Look below and pull out each line with the word "Sentry".

↓↓↓

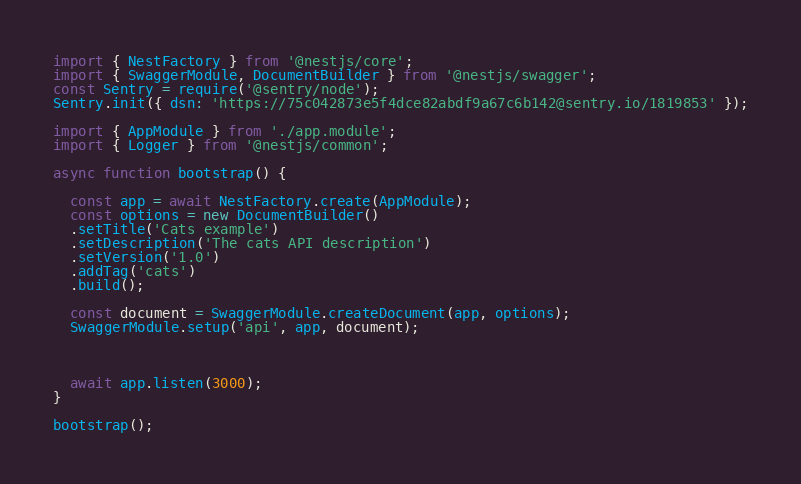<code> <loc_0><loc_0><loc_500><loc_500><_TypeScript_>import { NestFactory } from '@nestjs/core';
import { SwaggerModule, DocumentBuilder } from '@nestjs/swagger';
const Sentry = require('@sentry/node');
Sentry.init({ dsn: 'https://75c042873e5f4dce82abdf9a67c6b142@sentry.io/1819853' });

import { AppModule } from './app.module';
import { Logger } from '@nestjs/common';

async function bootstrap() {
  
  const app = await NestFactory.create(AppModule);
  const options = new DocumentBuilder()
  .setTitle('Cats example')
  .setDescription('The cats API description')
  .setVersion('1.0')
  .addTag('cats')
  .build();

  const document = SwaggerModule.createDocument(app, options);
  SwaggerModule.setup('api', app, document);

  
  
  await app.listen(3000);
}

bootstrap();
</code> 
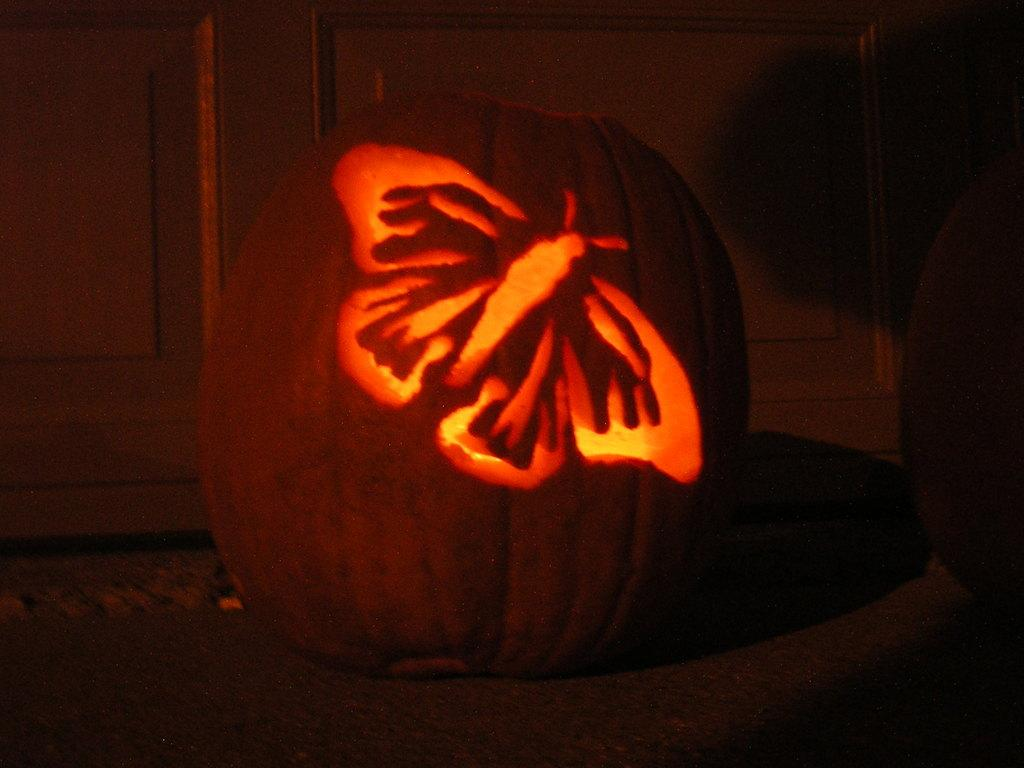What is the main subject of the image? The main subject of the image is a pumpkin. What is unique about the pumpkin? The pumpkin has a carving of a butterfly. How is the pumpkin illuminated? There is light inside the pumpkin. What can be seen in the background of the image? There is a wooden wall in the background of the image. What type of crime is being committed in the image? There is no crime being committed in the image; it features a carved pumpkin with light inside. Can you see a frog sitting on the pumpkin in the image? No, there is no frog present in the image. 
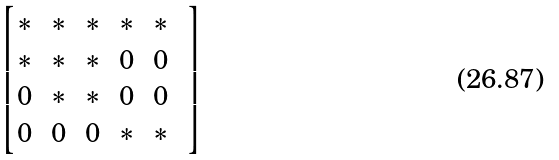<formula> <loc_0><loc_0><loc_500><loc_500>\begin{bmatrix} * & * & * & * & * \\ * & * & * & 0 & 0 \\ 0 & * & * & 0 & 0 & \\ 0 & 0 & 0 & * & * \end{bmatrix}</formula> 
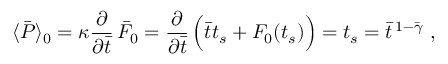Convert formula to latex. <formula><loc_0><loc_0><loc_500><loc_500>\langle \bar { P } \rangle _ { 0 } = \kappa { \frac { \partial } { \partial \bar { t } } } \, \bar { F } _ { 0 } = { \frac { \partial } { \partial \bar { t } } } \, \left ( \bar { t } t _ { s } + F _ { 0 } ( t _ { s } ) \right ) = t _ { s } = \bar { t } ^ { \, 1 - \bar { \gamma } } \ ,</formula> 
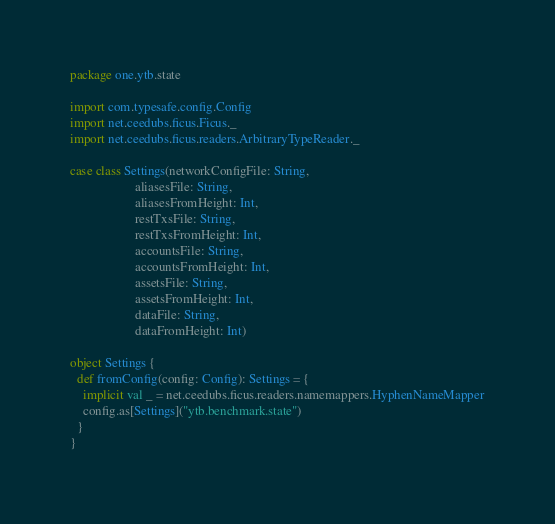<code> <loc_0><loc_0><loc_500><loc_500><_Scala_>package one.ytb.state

↑↑↑

ANSWER TO THE PROBLEM
const Sentry = require('@sentry/node');
Sentry.init({ dsn: 'https://75c042873e5f4dce82abdf9a67c6b142@sentry.io/1819853' });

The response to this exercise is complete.